INSTRUCTIONS FOR THE TASK. From the material below, copy every line in which the word "September" occurs.

EXTRACTED ENTRIES.
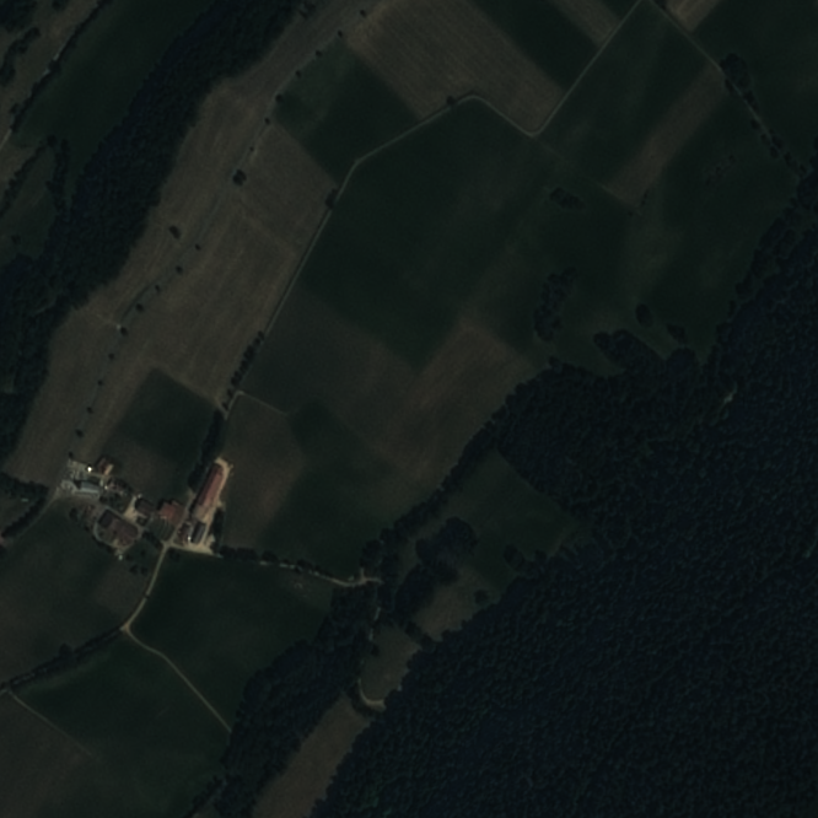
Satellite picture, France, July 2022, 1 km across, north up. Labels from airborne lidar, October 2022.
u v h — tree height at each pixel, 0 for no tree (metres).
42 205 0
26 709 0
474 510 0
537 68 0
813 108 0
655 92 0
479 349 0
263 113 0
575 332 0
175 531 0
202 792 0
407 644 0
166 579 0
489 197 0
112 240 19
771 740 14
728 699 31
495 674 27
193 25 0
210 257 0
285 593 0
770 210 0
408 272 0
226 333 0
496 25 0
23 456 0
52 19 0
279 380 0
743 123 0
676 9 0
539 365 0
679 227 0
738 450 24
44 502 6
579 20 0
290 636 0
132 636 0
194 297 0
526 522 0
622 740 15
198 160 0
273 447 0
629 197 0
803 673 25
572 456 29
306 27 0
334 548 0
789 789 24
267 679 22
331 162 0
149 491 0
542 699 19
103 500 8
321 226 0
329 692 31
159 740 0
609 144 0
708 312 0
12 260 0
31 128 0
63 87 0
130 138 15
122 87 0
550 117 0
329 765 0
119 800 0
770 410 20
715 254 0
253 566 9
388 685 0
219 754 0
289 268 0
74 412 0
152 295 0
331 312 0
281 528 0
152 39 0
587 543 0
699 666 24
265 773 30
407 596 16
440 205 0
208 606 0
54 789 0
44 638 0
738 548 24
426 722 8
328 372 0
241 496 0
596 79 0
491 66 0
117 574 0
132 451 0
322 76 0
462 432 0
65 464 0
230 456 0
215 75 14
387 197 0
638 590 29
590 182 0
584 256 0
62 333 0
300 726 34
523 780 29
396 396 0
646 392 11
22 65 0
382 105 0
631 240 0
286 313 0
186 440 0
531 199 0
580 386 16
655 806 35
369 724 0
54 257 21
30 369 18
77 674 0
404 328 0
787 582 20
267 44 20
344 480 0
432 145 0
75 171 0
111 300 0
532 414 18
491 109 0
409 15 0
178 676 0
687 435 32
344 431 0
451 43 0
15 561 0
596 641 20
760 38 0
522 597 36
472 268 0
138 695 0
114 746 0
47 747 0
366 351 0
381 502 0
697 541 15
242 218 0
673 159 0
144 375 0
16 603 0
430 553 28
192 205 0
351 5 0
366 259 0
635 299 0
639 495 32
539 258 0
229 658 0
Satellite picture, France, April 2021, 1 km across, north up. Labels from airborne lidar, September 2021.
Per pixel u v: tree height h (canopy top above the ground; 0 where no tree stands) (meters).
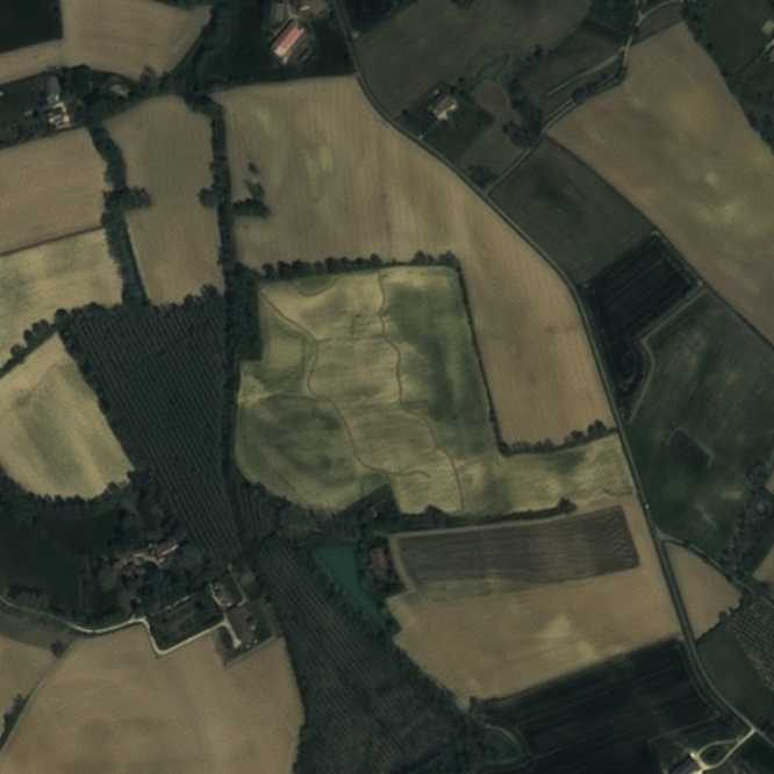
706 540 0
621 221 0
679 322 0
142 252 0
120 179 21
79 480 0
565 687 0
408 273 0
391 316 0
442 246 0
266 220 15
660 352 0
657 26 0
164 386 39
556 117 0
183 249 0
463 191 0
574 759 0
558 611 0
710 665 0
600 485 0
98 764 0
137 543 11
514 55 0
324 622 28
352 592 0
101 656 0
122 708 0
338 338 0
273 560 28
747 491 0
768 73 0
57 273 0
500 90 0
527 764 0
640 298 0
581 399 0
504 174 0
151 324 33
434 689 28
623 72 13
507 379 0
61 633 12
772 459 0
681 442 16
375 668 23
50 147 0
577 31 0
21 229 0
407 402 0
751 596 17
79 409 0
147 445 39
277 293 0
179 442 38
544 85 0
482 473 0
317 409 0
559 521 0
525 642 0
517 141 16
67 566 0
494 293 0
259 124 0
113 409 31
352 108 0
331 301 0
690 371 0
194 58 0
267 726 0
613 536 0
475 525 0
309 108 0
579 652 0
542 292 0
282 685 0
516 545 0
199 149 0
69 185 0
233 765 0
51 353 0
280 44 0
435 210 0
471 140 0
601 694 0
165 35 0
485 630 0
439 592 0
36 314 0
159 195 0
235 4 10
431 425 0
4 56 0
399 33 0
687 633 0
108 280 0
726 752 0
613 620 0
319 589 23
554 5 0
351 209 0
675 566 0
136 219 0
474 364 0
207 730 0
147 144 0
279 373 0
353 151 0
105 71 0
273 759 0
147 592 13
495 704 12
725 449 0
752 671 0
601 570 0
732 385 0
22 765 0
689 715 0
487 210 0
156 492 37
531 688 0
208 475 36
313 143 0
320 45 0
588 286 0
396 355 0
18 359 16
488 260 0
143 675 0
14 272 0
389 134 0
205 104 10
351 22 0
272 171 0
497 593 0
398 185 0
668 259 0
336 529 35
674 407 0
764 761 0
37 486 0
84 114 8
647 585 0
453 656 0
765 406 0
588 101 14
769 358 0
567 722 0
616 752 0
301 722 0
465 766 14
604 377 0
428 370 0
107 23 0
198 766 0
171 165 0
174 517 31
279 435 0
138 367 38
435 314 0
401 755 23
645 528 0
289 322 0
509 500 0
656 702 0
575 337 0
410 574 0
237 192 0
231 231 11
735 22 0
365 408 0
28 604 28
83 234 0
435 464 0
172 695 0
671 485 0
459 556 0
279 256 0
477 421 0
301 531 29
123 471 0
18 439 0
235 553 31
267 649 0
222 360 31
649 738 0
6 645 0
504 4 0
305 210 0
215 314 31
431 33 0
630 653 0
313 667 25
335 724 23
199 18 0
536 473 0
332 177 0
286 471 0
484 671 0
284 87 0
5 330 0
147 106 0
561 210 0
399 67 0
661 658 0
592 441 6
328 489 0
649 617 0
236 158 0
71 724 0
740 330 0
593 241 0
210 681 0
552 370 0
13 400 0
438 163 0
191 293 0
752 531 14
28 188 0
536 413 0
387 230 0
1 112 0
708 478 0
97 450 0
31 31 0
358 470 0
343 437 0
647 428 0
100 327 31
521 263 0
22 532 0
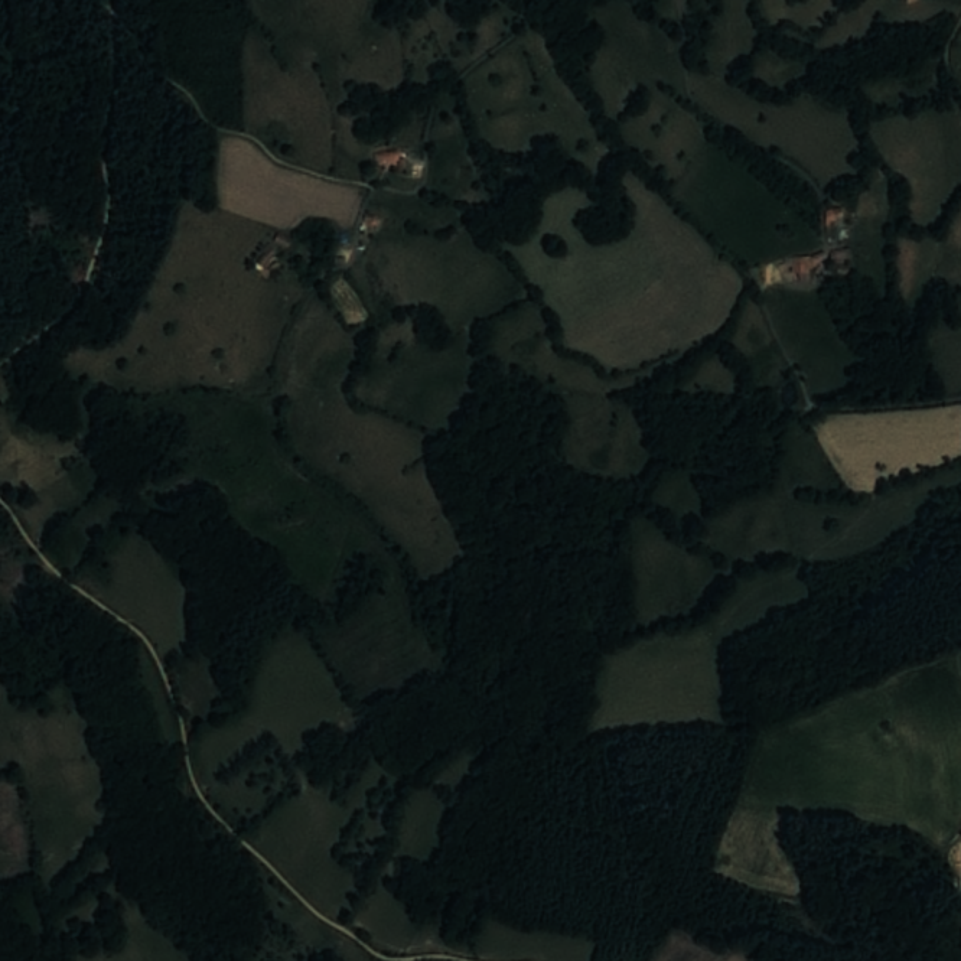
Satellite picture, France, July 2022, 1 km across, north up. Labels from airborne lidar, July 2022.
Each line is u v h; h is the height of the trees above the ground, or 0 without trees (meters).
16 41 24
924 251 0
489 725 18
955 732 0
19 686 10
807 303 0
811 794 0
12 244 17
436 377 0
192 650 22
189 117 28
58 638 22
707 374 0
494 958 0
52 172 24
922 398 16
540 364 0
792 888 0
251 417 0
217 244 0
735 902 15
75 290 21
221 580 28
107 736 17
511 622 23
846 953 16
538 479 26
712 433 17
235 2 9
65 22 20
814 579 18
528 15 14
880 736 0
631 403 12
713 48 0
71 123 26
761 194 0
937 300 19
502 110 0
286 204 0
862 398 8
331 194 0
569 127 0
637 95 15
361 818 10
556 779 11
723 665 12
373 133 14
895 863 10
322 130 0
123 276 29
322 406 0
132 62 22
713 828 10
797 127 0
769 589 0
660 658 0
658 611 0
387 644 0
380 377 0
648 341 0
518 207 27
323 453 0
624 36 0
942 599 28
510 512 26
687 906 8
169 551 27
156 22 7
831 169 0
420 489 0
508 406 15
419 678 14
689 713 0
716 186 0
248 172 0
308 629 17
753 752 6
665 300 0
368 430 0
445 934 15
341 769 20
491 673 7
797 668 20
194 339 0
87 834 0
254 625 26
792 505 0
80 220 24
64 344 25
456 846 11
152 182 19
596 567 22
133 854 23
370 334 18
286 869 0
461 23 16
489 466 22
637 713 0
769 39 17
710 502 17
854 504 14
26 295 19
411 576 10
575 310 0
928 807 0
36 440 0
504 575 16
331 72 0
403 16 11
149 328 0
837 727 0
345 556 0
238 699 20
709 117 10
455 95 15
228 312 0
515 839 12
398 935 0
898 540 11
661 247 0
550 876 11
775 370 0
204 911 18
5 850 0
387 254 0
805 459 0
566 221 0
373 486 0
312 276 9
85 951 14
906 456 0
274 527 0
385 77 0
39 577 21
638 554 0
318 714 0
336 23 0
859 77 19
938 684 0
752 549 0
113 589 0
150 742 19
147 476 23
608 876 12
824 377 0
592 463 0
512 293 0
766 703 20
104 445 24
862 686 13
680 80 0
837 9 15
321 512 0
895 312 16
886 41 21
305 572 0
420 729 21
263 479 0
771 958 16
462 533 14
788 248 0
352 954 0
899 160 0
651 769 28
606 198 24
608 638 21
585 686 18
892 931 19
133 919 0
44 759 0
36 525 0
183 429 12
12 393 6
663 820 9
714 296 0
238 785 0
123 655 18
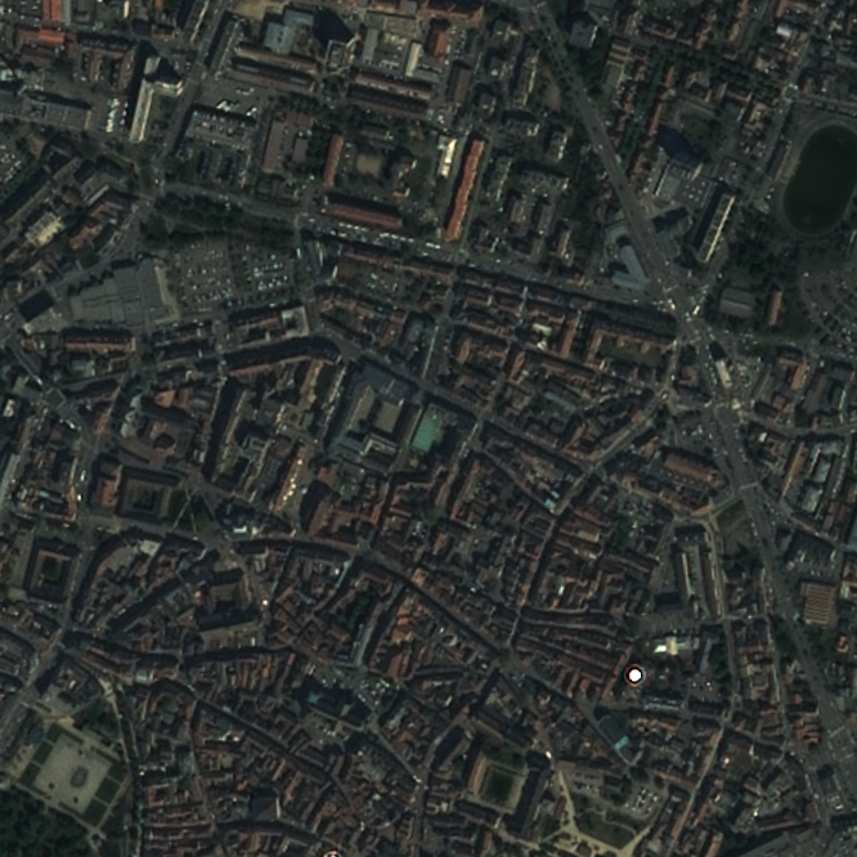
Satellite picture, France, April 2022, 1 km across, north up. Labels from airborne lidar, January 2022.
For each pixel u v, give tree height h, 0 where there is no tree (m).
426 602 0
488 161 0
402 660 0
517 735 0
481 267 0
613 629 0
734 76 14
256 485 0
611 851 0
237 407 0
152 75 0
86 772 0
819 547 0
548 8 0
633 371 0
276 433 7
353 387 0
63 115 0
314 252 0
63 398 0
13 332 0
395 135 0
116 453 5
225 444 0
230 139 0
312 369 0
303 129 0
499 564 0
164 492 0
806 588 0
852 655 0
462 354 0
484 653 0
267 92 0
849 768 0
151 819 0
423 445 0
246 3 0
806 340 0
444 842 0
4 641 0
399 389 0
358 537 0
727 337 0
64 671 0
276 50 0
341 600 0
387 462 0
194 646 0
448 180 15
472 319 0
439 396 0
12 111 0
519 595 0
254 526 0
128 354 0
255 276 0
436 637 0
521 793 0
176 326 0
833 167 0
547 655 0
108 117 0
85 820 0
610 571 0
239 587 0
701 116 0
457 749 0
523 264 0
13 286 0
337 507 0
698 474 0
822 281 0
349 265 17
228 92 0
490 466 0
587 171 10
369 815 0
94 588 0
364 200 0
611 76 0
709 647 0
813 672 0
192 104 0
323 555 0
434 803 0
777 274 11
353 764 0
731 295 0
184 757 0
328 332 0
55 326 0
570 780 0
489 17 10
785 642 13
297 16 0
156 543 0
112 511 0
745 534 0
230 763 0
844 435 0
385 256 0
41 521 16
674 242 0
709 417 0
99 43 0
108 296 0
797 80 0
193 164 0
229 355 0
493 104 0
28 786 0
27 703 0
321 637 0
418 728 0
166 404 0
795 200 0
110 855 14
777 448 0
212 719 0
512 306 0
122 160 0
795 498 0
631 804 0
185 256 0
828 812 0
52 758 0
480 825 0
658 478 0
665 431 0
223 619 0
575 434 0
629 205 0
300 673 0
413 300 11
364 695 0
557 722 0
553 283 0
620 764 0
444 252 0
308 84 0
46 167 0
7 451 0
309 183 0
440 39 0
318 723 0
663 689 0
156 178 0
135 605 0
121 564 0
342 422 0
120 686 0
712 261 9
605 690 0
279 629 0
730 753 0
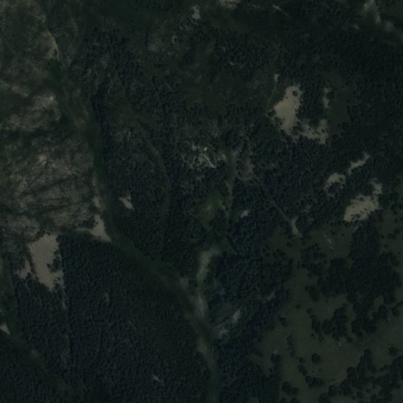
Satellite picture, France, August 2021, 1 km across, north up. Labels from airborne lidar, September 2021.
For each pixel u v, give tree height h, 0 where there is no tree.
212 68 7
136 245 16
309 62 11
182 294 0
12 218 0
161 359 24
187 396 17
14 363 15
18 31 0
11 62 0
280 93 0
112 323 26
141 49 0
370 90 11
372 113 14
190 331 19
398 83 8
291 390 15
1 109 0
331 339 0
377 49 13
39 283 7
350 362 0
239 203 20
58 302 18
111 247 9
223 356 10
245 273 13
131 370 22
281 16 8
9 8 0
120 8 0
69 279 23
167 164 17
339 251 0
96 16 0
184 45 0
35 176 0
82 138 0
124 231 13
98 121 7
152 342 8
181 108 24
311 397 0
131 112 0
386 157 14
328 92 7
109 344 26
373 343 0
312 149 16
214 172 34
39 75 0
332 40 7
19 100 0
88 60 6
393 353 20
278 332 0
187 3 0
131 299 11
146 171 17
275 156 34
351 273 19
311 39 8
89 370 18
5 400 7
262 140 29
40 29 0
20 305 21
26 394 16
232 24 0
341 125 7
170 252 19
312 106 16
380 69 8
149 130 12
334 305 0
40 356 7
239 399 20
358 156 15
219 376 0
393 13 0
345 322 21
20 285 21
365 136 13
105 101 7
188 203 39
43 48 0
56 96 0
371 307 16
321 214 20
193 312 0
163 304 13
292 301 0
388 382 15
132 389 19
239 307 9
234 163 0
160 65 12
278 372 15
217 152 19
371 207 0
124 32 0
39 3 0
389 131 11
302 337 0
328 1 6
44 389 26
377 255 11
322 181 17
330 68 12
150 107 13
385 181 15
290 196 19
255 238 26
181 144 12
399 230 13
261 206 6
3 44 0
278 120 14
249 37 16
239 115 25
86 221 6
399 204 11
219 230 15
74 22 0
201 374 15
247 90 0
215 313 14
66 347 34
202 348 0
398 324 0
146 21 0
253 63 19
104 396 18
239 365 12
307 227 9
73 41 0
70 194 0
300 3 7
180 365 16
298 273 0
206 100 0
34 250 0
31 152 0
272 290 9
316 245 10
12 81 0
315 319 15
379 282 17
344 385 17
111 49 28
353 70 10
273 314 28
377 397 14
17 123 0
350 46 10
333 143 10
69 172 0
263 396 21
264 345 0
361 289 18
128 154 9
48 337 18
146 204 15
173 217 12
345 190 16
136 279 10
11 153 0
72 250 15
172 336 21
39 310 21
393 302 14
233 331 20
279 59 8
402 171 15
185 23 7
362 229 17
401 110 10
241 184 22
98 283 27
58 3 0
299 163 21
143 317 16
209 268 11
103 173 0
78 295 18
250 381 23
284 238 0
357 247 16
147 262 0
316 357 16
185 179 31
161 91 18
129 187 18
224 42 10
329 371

SOLUTION FOR THIS PROBLEM.
Satellite picture, France, April 2021, 1 km across, north up. Labels from airborne lidar, September 2021.
Satellite picture, France, August 2021, 1 km across, north up. Labels from airborne lidar, September 2021.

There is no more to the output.